3. Review the trends and impact of globalization and mobility of health workers on national policies on health workforce
Although I'm not a supporter of "wishful thinking" forecasting, I understand that some effort should be made in this direction. WHO is making it with a global perspective, and each country should do its homework. Is there anybody nearby working on that?.
Demand and supply should meet and reach a long-term equilibrium. Regulatory conditions and incentives should be reviewed to achieve better efficiency. This is a precondition for an efficient health system.

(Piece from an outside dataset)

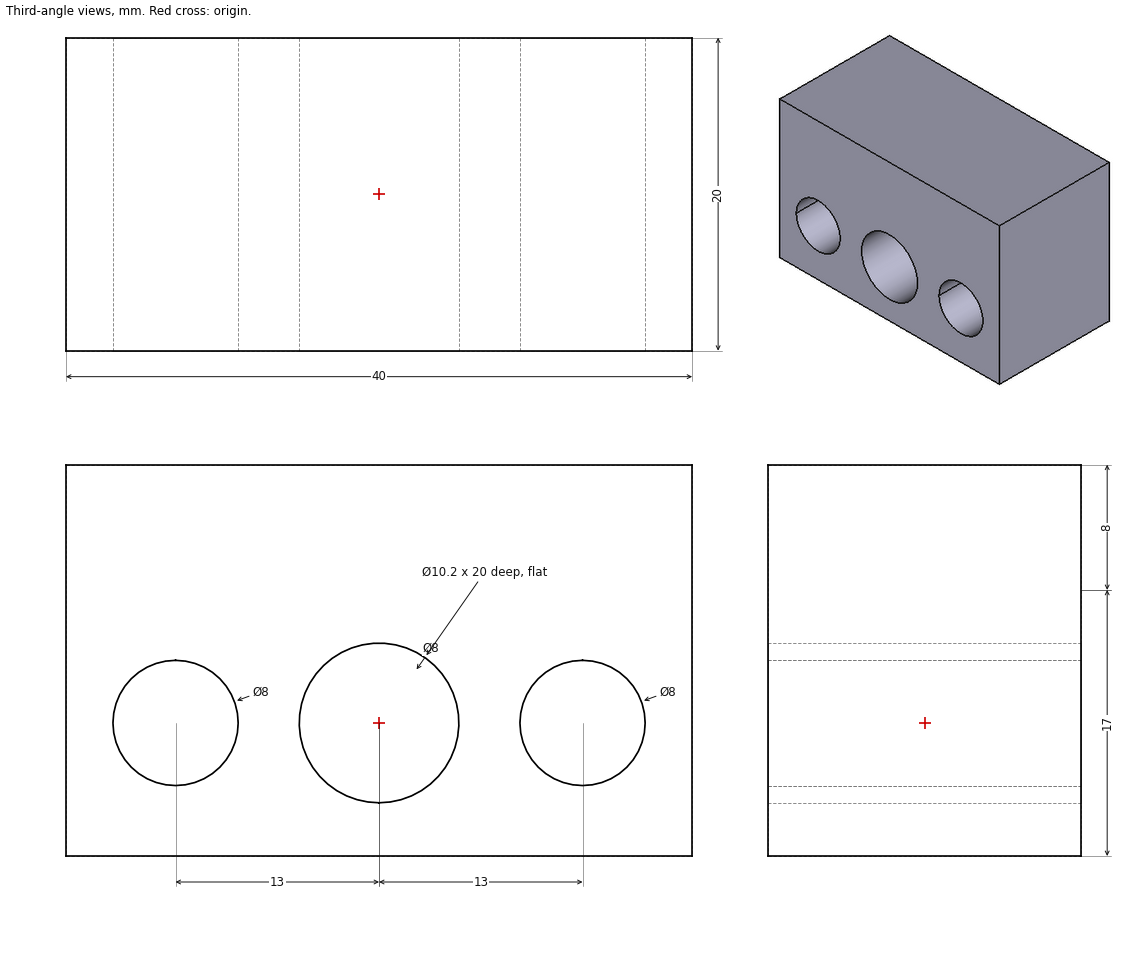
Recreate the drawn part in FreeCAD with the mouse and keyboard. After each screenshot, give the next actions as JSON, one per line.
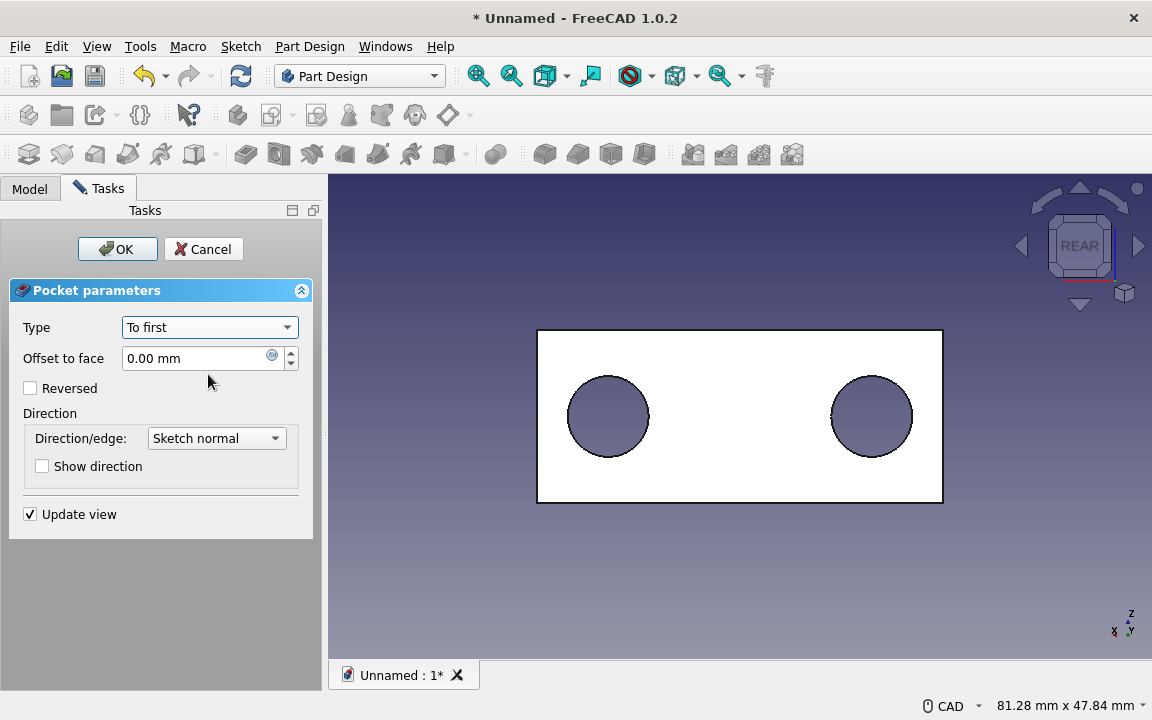
{"action": "left_click", "coordinate": [118, 249]}
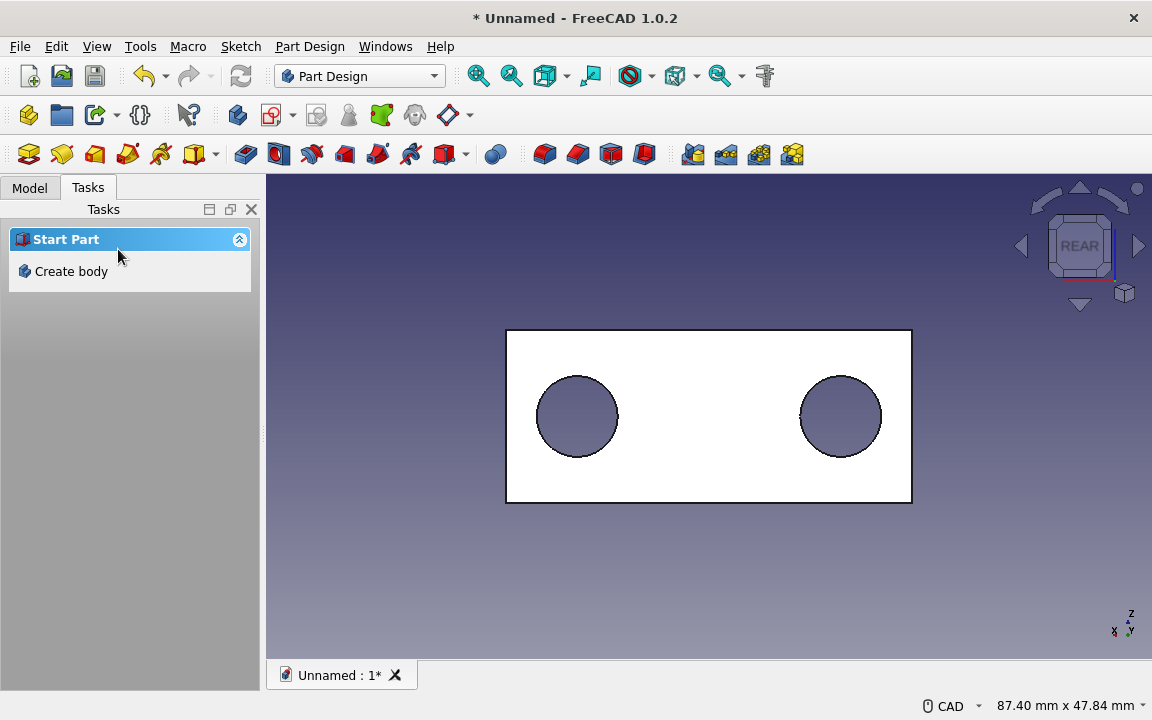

PS. Three decades ago I read Marta Harnecker book "The Basic Concepts of Historical Materialism". Then, I could understand the difference between nacionalization and socialization of means of production that Lenin proposed a century ago, and why nationalization was not enough to achieve his political goals. Marx and Lenin forgot the relationship between ownership and efficiency, about how incentives really work. History provides relevant lessons about this oblivion and we should avoid going back in time.



22 d’octubre 2014

Fasten seat belts (3)

In former posts I have argued that pharmaceutical pricing is forging a new trend. The summary is in this figure (US prices):

The latest FDA approved drug is Harvoni, for hepatitis C. This new drug will compete with Sovaldi, the best drug launch ever made by the same manufacturer, 9.000 million $ in sales in 9 months.
The soaring costs of drugs is also affecting the generics market in US. Have a look at this blog.
As far as the economy is not growing at the same pace, new resources are needed and this may come from reductions on current drug benefits (price or quantity) or less expenditures in non-pharmaceutical goods. Otherwise the option is to delay access. Is this an option for cost-effective therapies?

20 d’octubre 2014

A milestone for health insurance reform

INFORME Estudio y Propuesta de un Nuevo Marco Jurídico para el Sistema Privado de Salud

If you look at health care financing in OECD countries you'll find an outlier: Chile. This is the country with the largest private financing, 47%. The reason behind such a number is the current system of ISAPRE coverage. A clear explanation of the current situation is shown in this presentation by Camilo Cid, the chairman of the commission for a review of the private health system.
The new chilean government created a commission to get recommendations about what to do with ISAPREs, and the result was that this report was released some days ago.
The trend is clear, opt-out from a single pool is not an option for the future. The Netherlands made the same reform in 2009, Germany constrained its possibilities, and now Chile has decided exactly the same. If there is only a single pool for financing health, this exactly means that the role of the market is going to change at the same time. Insurance price-competition vanishes, and the profit motive is under close scrutiny. Let's see what happens. All this recommendations should be included in the legislation. Anyway, the report is a milestone for the next health reform in Chile. An excellent reference for anyone interested in this topic. Good job.

PS. Values and economic crisis, a report. Have a look at this slide p.31, impressive. Is it possible?